■ THE PROBLEM: All of the records must come back exactly. Please repeat them in full.

■ DATA SECTION:
:::

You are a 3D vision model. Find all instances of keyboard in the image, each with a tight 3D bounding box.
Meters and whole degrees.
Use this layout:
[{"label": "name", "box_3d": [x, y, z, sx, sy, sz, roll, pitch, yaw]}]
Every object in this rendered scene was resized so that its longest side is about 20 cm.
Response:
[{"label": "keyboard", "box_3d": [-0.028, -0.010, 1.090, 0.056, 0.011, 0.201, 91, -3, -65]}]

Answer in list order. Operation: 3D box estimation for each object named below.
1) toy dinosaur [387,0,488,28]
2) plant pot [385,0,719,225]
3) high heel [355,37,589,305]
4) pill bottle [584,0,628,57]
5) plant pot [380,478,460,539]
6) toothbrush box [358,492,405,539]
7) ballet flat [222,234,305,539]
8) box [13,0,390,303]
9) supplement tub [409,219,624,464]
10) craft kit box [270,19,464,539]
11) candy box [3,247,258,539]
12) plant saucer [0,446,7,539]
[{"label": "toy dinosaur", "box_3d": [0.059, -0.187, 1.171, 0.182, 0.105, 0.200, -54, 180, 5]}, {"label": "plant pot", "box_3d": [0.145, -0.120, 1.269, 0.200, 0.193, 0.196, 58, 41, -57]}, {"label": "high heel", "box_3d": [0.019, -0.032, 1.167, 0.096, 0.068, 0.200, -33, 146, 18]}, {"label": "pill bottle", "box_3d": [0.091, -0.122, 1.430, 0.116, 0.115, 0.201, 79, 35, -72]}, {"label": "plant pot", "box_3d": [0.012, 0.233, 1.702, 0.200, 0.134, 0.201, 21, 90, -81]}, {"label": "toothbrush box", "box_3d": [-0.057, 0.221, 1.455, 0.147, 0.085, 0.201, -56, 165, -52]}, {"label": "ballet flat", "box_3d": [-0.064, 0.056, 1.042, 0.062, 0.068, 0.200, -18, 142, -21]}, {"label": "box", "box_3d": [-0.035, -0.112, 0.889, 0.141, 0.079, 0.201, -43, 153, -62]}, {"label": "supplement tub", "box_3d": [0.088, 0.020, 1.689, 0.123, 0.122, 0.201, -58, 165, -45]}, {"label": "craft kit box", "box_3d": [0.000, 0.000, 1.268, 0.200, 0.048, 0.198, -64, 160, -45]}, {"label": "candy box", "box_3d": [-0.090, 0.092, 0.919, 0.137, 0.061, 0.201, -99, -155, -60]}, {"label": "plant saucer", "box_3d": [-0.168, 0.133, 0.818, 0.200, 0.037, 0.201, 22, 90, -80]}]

:::

■ EXERCISE SOLUTION:
You are a 3D vision model. Find all instances of keyboard in the image, each with a tight 3D bounding box.
Meters and whole degrees.
Use this layout:
[{"label": "name", "box_3d": [x, y, z, sx, sy, sz, roll, pitch, yaw]}]
Every object in this rendered scene was resized so that its longest side is about 20 cm.
Response:
[{"label": "keyboard", "box_3d": [-0.028, -0.010, 1.090, 0.056, 0.011, 0.201, 91, -3, -65]}]

Answer in list order. Operation: 3D box estimation for each object named below.
1) toy dinosaur [387,0,488,28]
2) plant pot [385,0,719,225]
3) high heel [355,37,589,305]
4) pill bottle [584,0,628,57]
5) plant pot [380,478,460,539]
6) toothbrush box [358,492,405,539]
7) ballet flat [222,234,305,539]
8) box [13,0,390,303]
9) supplement tub [409,219,624,464]
10) craft kit box [270,19,464,539]
11) candy box [3,247,258,539]
12) plant saucer [0,446,7,539]
[{"label": "toy dinosaur", "box_3d": [0.059, -0.187, 1.171, 0.182, 0.105, 0.200, -54, 180, 5]}, {"label": "plant pot", "box_3d": [0.145, -0.120, 1.269, 0.200, 0.193, 0.196, 58, 41, -57]}, {"label": "high heel", "box_3d": [0.019, -0.032, 1.167, 0.096, 0.068, 0.200, -33, 146, 18]}, {"label": "pill bottle", "box_3d": [0.091, -0.122, 1.430, 0.116, 0.115, 0.201, 79, 35, -72]}, {"label": "plant pot", "box_3d": [0.012, 0.233, 1.702, 0.200, 0.134, 0.201, 21, 90, -81]}, {"label": "toothbrush box", "box_3d": [-0.057, 0.221, 1.455, 0.147, 0.085, 0.201, -56, 165, -52]}, {"label": "ballet flat", "box_3d": [-0.064, 0.056, 1.042, 0.062, 0.068, 0.200, -18, 142, -21]}, {"label": "box", "box_3d": [-0.035, -0.112, 0.889, 0.141, 0.079, 0.201, -43, 153, -62]}, {"label": "supplement tub", "box_3d": [0.088, 0.020, 1.689, 0.123, 0.122, 0.201, -58, 165, -45]}, {"label": "craft kit box", "box_3d": [0.000, 0.000, 1.268, 0.200, 0.048, 0.198, -64, 160, -45]}, {"label": "candy box", "box_3d": [-0.090, 0.092, 0.919, 0.137, 0.061, 0.201, -99, -155, -60]}, {"label": "plant saucer", "box_3d": [-0.168, 0.133, 0.818, 0.200, 0.037, 0.201, 22, 90, -80]}]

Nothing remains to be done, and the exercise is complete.